The story seems to take place in the mid-1970s, resembling the TV series Mad Men. Dany, a tall, timid and short-sighted secretary (a 23-year-old Catholic school girl version of Donna from “That 70s Show”) is asked by her ad agency boss to type up his rough rewrite of some fifty-page “report” by the end of the day. Concealing her sexual fantasies, she is willing to tackle the task but confesses to a lack of typing speed. The boss offers her a chance to complete the work at a house shared by his wife and young daughter, provided she tells no one. Dany quickly begins to imagine him leaving his wife and child to toy with her. On top of being a daydreamer, she has a bad habit of “complicating” matters with questions which quickly get on the nerves of the boss and Anita (the wife and Dany’s former secretary school rival who may have “fooled around” with her “ages ago” which is actually a little over three years before the story begins).
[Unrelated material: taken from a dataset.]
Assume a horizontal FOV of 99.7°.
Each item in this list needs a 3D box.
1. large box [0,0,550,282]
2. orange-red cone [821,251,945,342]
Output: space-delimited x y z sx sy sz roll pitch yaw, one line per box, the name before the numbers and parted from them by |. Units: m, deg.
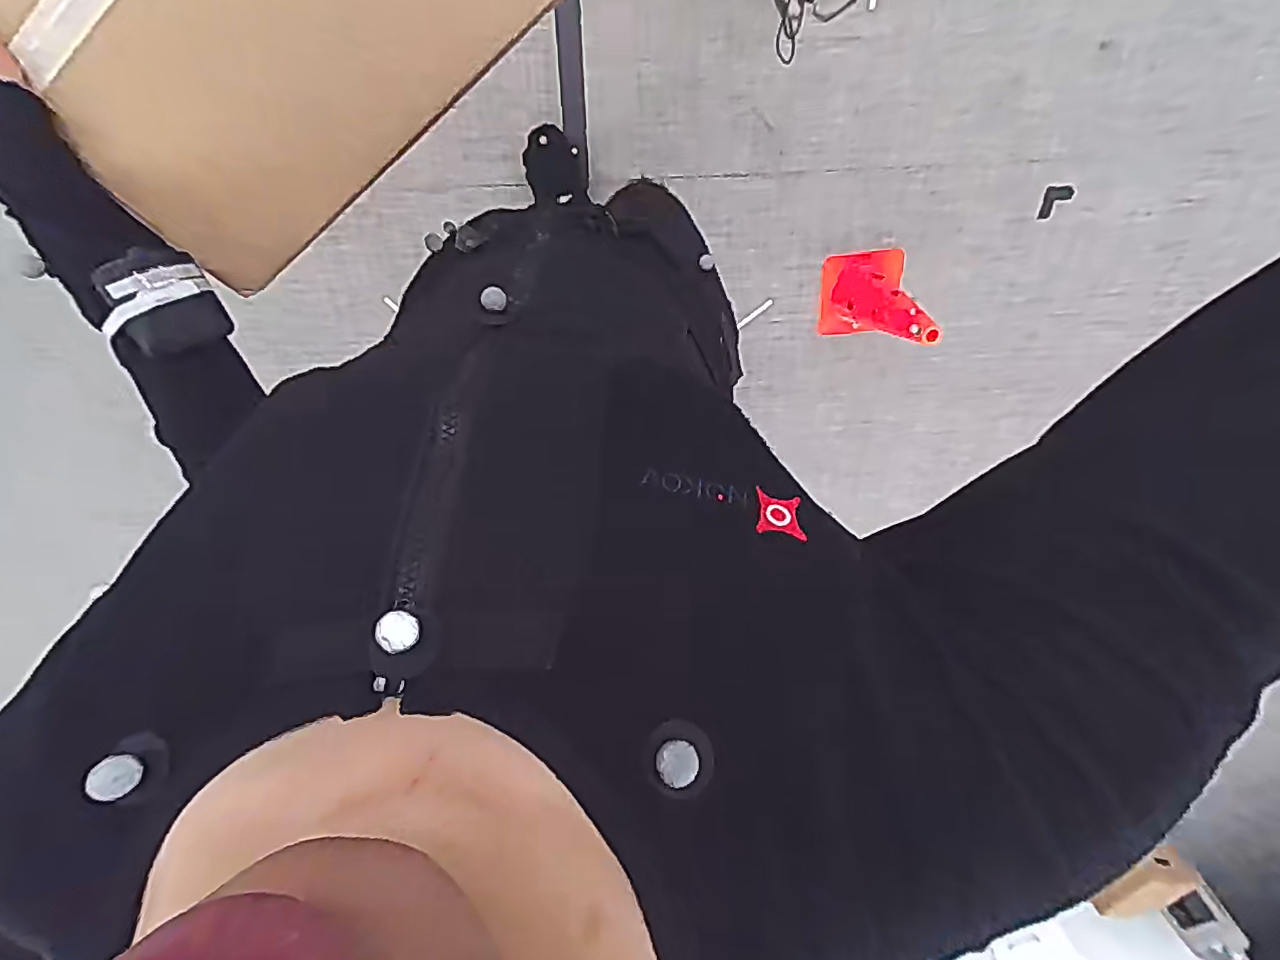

When the report is finished, the boss makes one more request of his most trusted secretary. Accompanying the family to the airport, Dany is left with a teal Thunderbird and the “simple” chore of driving it back to the family’s Paris home. While the boss and his family are away, Dany decides to play, motivated by a tempting voice in her head. She takes the car south, in hopes of spending a few hours at the beach, but soon finds herself running into people who claim to have seen her earlier, a flirtatious stalker and amassing evidence that may convict her of murder. Whether or not the ending is a happy one remains debatable.

Though fairly brilliant in terms of cinematography (aside from maybe one or two poorly lit scenes), casting and music, the intentionally “trippy” and disorienting short story is not unlike something Quentin Tarantino would devise, except, thankfully, lacking his usual excess of gore. It has many of the touches I long to put in a similar movie: the fashions (though some, including the frequently featured “dress,” are a bit revealing), the moody lighting and music, the variety of camera shots, the comic book panels (without being panels), the bookish beauty with hidden sides to her personality and a backstory (though not flushed out in the movie) to explain her behavior, the scandalous/suspicious encounters, the well-devised plot of the villains played out (not perfectly) in the background, etc. There’s a somewhat magical flow to the whole product which some have said is a 95-minute music video. I prefer to think of it as a daring perfume ad (which could be ironic, considering the protagonist works for an advertising agency).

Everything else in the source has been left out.